Sedinger, Benjamin (2020). Experimental harvest regulations reveal that water availability during spring, not harvest, affects change in a waterfowl population [Dataset]. Dryad. https://doi.org/10.5061/dryad.573n5tb3d

Abstract

Population change is regulated by vital rates that are influenced by environmental conditions, demographic stochasticity and increasingly, anthropogenic effects.  Habitat destruction and climate change threaten the future of many wildlife populations, and there are additional concerns regarding the effects of harvest rates on demographic components of harvested organisms. Further, many population managers strictly manage harvest of wild organisms to mediate population trends of these populations.  The goal of our study was to decouple harvest and environmental variability in a closely monitored population of wild ducks in North America, where we experimentally regulated harvest independently of environmental variation over a period of four years. We used nine years of capture-mark-recapture data to estimate breeding population size during the spring for a population of wood ducks in Nevada.  We then assessed the effect of one environmental variable and harvest pressure on annual changes in the breeding population size.  Climatic conditions influencing water availability were strongly positively related to population growth rates of wood ducks in our study system.
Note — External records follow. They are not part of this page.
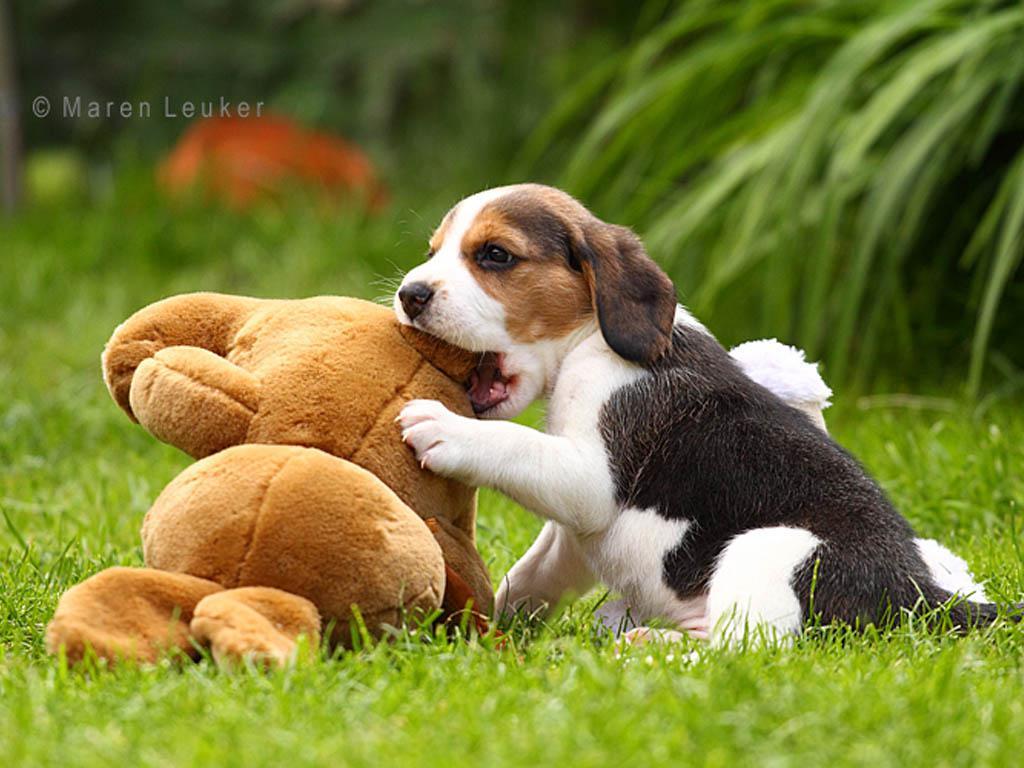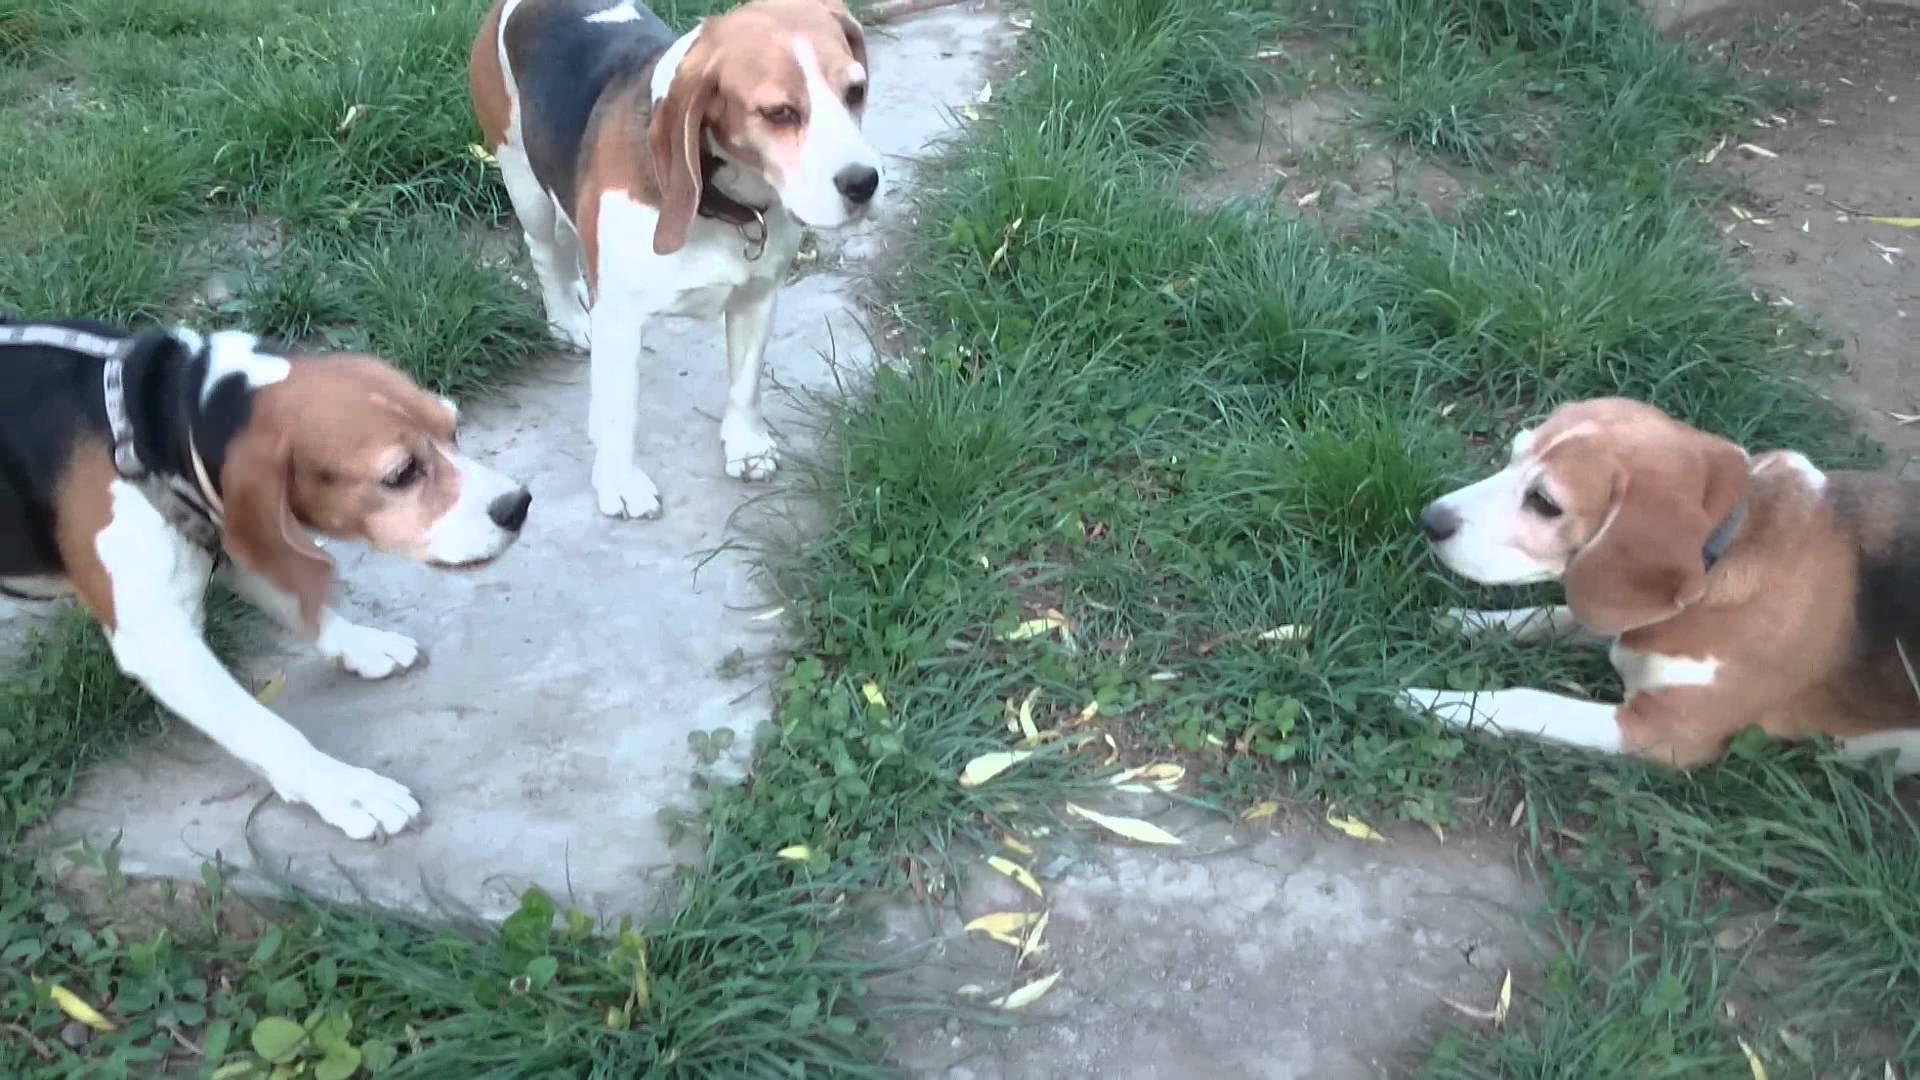The first image is the image on the left, the second image is the image on the right. For the images shown, is this caption "An image contains exactly one dog, a beagle puppy that is sitting on green grass." true? Answer yes or no. Yes. The first image is the image on the left, the second image is the image on the right. For the images displayed, is the sentence "The right image contains no more than three dogs." factually correct? Answer yes or no. Yes. 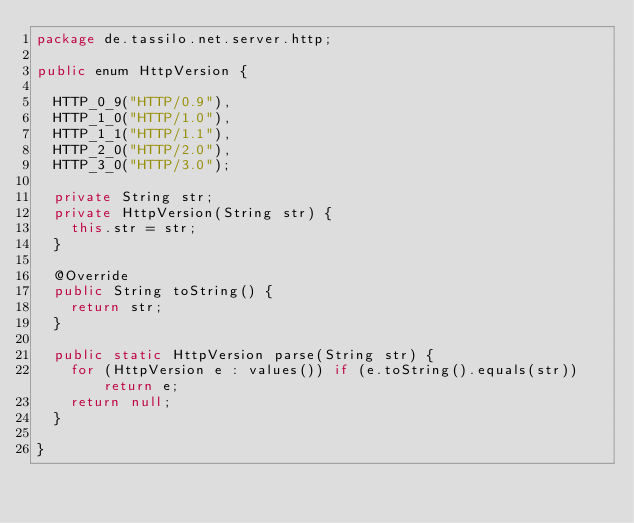Convert code to text. <code><loc_0><loc_0><loc_500><loc_500><_Java_>package de.tassilo.net.server.http;

public enum HttpVersion {

	HTTP_0_9("HTTP/0.9"),
	HTTP_1_0("HTTP/1.0"),
	HTTP_1_1("HTTP/1.1"),
	HTTP_2_0("HTTP/2.0"),
	HTTP_3_0("HTTP/3.0");

	private String str;
	private HttpVersion(String str) {
		this.str = str;
	}

	@Override
	public String toString() {
		return str;
	}

	public static HttpVersion parse(String str) {
		for (HttpVersion e : values()) if (e.toString().equals(str)) return e;
		return null;
	}

}
</code> 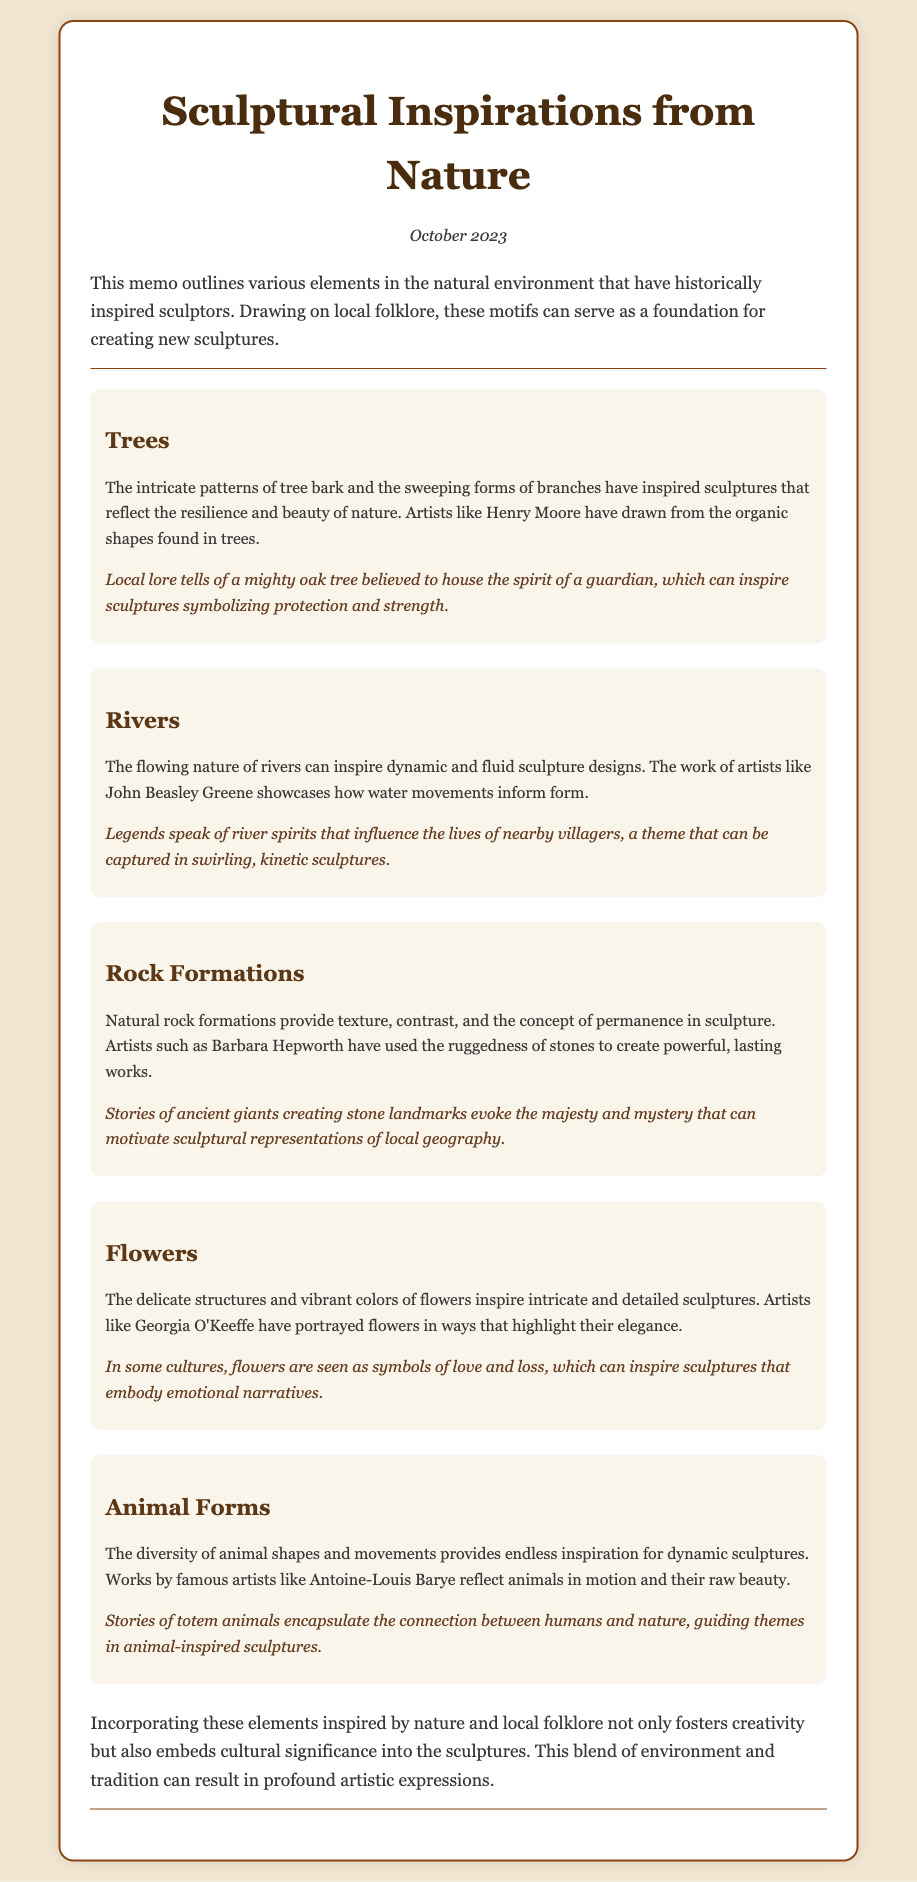What month and year was the memo created? The memo explicitly states the created date at the top.
Answer: October 2023 Which artist is mentioned in connection with trees? The memo describes how Henry Moore draws inspiration from trees.
Answer: Henry Moore What natural element is associated with dynamic and fluid sculpture designs? The memo discusses how rivers inform fluid sculpture designs.
Answer: Rivers Name one artist associated with rock formations. The document mentions Barbara Hepworth in relation to rock formations.
Answer: Barbara Hepworth What is a folklore theme related to flowers? The document mentions that flowers can symbolize love and loss in some cultures.
Answer: Love and loss Which animal-related theme is referenced in the document? The document talks about stories of totem animals that guide themes in sculpture.
Answer: Totem animals What does the document suggest incorporating to foster creativity in sculptures? The memo advises incorporating elements from nature and local folklore.
Answer: Nature and local folklore How does the memo describe the significance of combining nature and tradition in sculptures? The conclusion mentions that it results in profound artistic expressions.
Answer: Profound artistic expressions 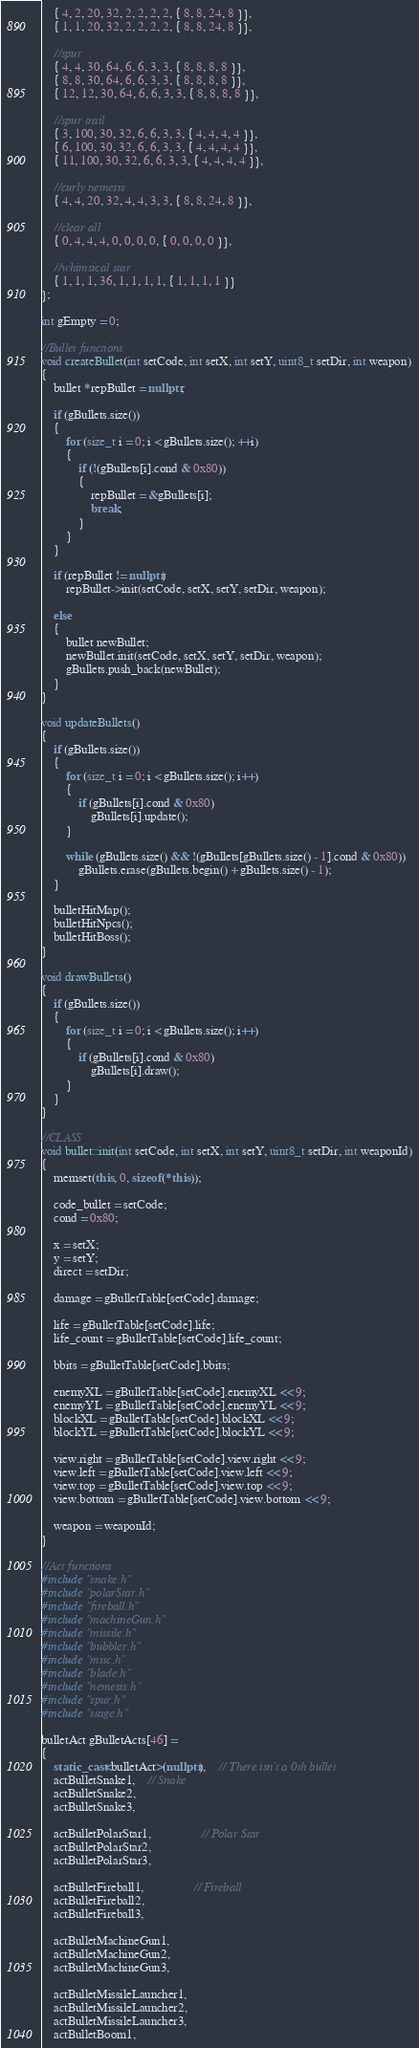Convert code to text. <code><loc_0><loc_0><loc_500><loc_500><_C++_>	{ 4, 2, 20, 32, 2, 2, 2, 2, { 8, 8, 24, 8 }},
	{ 1, 1, 20, 32, 2, 2, 2, 2, { 8, 8, 24, 8 }},

	//spur
	{ 4, 4, 30, 64, 6, 6, 3, 3, { 8, 8, 8, 8 }},
	{ 8, 8, 30, 64, 6, 6, 3, 3, { 8, 8, 8, 8 }},
	{ 12, 12, 30, 64, 6, 6, 3, 3, { 8, 8, 8, 8 }},

	//spur trail
	{ 3, 100, 30, 32, 6, 6, 3, 3, { 4, 4, 4, 4 }},
	{ 6, 100, 30, 32, 6, 6, 3, 3, { 4, 4, 4, 4 }},
	{ 11, 100, 30, 32, 6, 6, 3, 3, { 4, 4, 4, 4 }},

	//curly nemesis
	{ 4, 4, 20, 32, 4, 4, 3, 3, { 8, 8, 24, 8 }},

	//clear all
	{ 0, 4, 4, 4, 0, 0, 0, 0, { 0, 0, 0, 0 }},

	//whimsical star
	{ 1, 1, 1, 36, 1, 1, 1, 1, { 1, 1, 1, 1 }}
};

int gEmpty = 0;

//Bullet functions
void createBullet(int setCode, int setX, int setY, uint8_t setDir, int weapon)
{
	bullet *repBullet = nullptr;

	if (gBullets.size())
	{
		for (size_t i = 0; i < gBullets.size(); ++i)
		{
			if (!(gBullets[i].cond & 0x80))
			{
				repBullet = &gBullets[i];
				break;
			}
		}
	}

	if (repBullet != nullptr)
		repBullet->init(setCode, setX, setY, setDir, weapon);

	else
	{
		bullet newBullet;
		newBullet.init(setCode, setX, setY, setDir, weapon);
		gBullets.push_back(newBullet);
	}
}

void updateBullets()
{
	if (gBullets.size())
	{
		for (size_t i = 0; i < gBullets.size(); i++)
		{
			if (gBullets[i].cond & 0x80)
				gBullets[i].update();
		}

		while (gBullets.size() && !(gBullets[gBullets.size() - 1].cond & 0x80))
			gBullets.erase(gBullets.begin() + gBullets.size() - 1);
	}

	bulletHitMap();
	bulletHitNpcs();
	bulletHitBoss();
}

void drawBullets()
{
	if (gBullets.size())
	{
		for (size_t i = 0; i < gBullets.size(); i++)
		{
			if (gBullets[i].cond & 0x80)
				gBullets[i].draw();
		}
	}
}

//CLASS
void bullet::init(int setCode, int setX, int setY, uint8_t setDir, int weaponId)
{
	memset(this, 0, sizeof(*this));

	code_bullet = setCode;
	cond = 0x80;

	x = setX;
	y = setY;
	direct = setDir;

	damage = gBulletTable[setCode].damage;

	life = gBulletTable[setCode].life;
	life_count = gBulletTable[setCode].life_count;

	bbits = gBulletTable[setCode].bbits;

	enemyXL = gBulletTable[setCode].enemyXL << 9;
	enemyYL = gBulletTable[setCode].enemyYL << 9;
	blockXL = gBulletTable[setCode].blockXL << 9;
	blockYL = gBulletTable[setCode].blockYL << 9;

	view.right = gBulletTable[setCode].view.right << 9;
	view.left = gBulletTable[setCode].view.left << 9;
	view.top = gBulletTable[setCode].view.top << 9;
	view.bottom = gBulletTable[setCode].view.bottom << 9;

	weapon = weaponId;
}

//Act functions
#include "snake.h"
#include "polarStar.h"
#include "fireball.h"
#include "machineGun.h"
#include "missile.h"
#include "bubbler.h"
#include "misc.h"
#include "blade.h"
#include "nemesis.h"
#include "spur.h"
#include "stage.h"

bulletAct gBulletActs[46] =
{
	static_cast<bulletAct>(nullptr),	// There isn't a 0th bullet
	actBulletSnake1,	// Snake
	actBulletSnake2,
	actBulletSnake3,

	actBulletPolarStar1,				// Polar Star
	actBulletPolarStar2,
	actBulletPolarStar3,

	actBulletFireball1,				// Fireball
	actBulletFireball2,
	actBulletFireball3,

	actBulletMachineGun1,
	actBulletMachineGun2,
	actBulletMachineGun3,

	actBulletMissileLauncher1,
	actBulletMissileLauncher2,
	actBulletMissileLauncher3,
	actBulletBoom1,</code>

In contrast, harvest regulations and harvest rates did not affect population growth rates.  We suggest efforts to conserve waterfowl should focus on the effects of habitat loss in breeding areas and climate change, which will likely affect precipitation regimes in the future.  We demonstrate the utility of capture-mark-recapture methods to estimate abundance of species which are difficult to survey and test the impacts of anthropogenic harvest and climate on populations. Finally, our results continue to add to the importance of experimentation in applied conservation biology, where we believe that continued experiments on non-threatened species will be critically important as researchers attempt to understand how to quantify and mitigate direct anthropogenic impacts in a changing world.